AI-Powered Deepfake Detection Using CNN and Vision Transformer Architectures
Sifatullah Sheikh Urmi , Kirtonia Nuzath Tabassum Arthi , Md Al-Imran
Published on arXiv
2601.01281
Output Integrity Attack
OWASP ML Top 10 — ML09
Key Finding
VFDNET achieved superior deepfake detection accuracy among four evaluated architectures, with MobileNetV3 offering the best efficiency trade-off.
VFDNET
Novel technique introduced
The increasing use of artificial intelligence generated deepfakes creates major challenges in maintaining digital authenticity. Four AI-based models, consisting of three CNNs and one Vision Transformer, were evaluated using large face image datasets.

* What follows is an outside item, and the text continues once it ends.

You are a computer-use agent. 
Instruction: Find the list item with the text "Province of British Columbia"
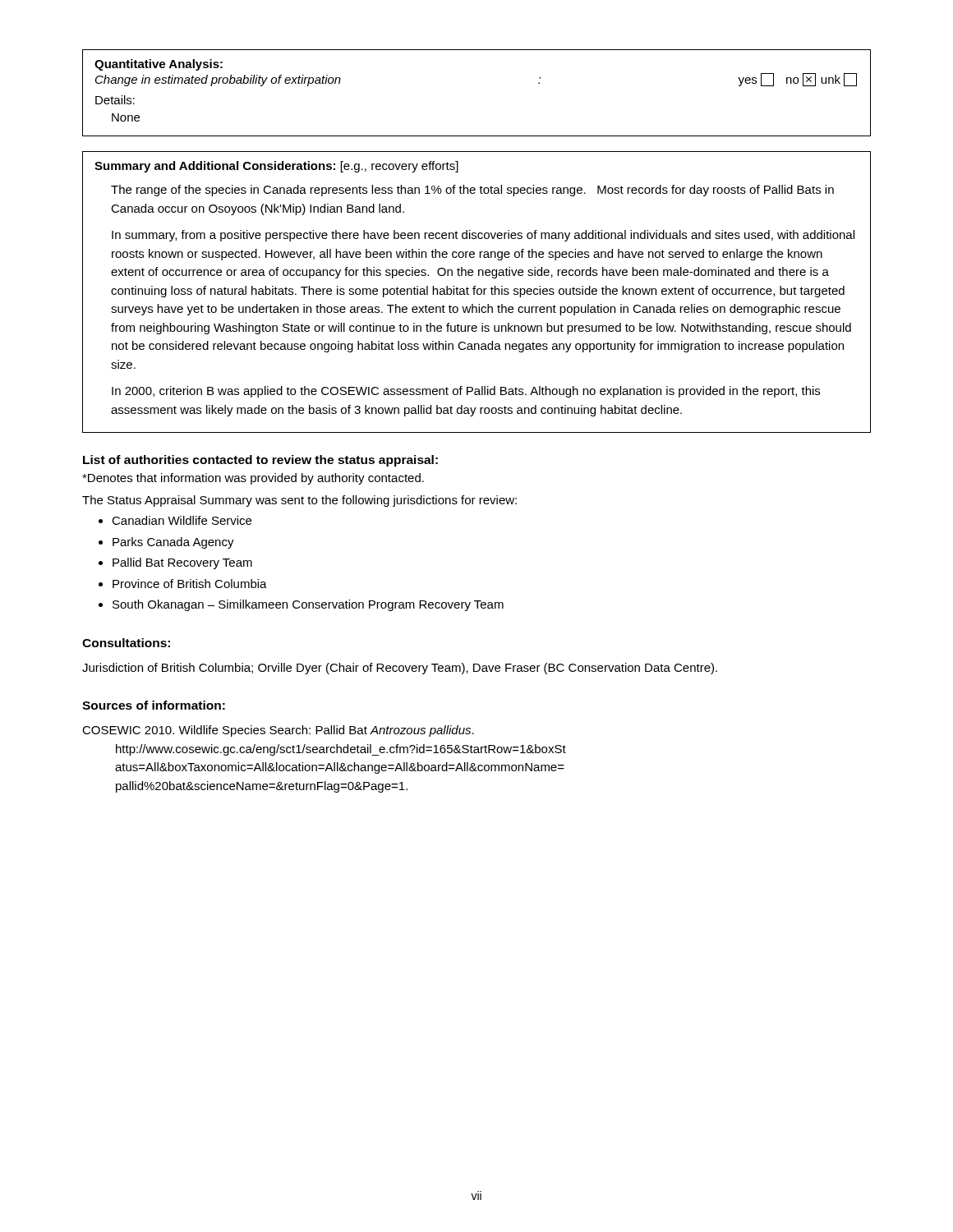click(189, 583)

Data preprocessing and augmentation techniques improved model performance across different scenarios. VFDNET demonstrated superior accuracy with MobileNetV3, showing efficient performance, thereby demonstrating AI's capabilities for dependable deepfake detection.
Key Contributions
- Comparative evaluation of DFCNET, MobileNetV3, ResNet50, and VFDNET for binary real/fake face classification
- Preprocessing and augmentation pipeline (normalization, rotation, scaling, histogram equalization) to improve generalization
- Empirical finding that VFDNET achieves highest accuracy while MobileNetV3 offers efficient performance
🛡️ Threat Analysis
Paper evaluates models for detecting AI-generated deepfake face images — directly addressing output integrity and content authenticity, the core concern of ML09.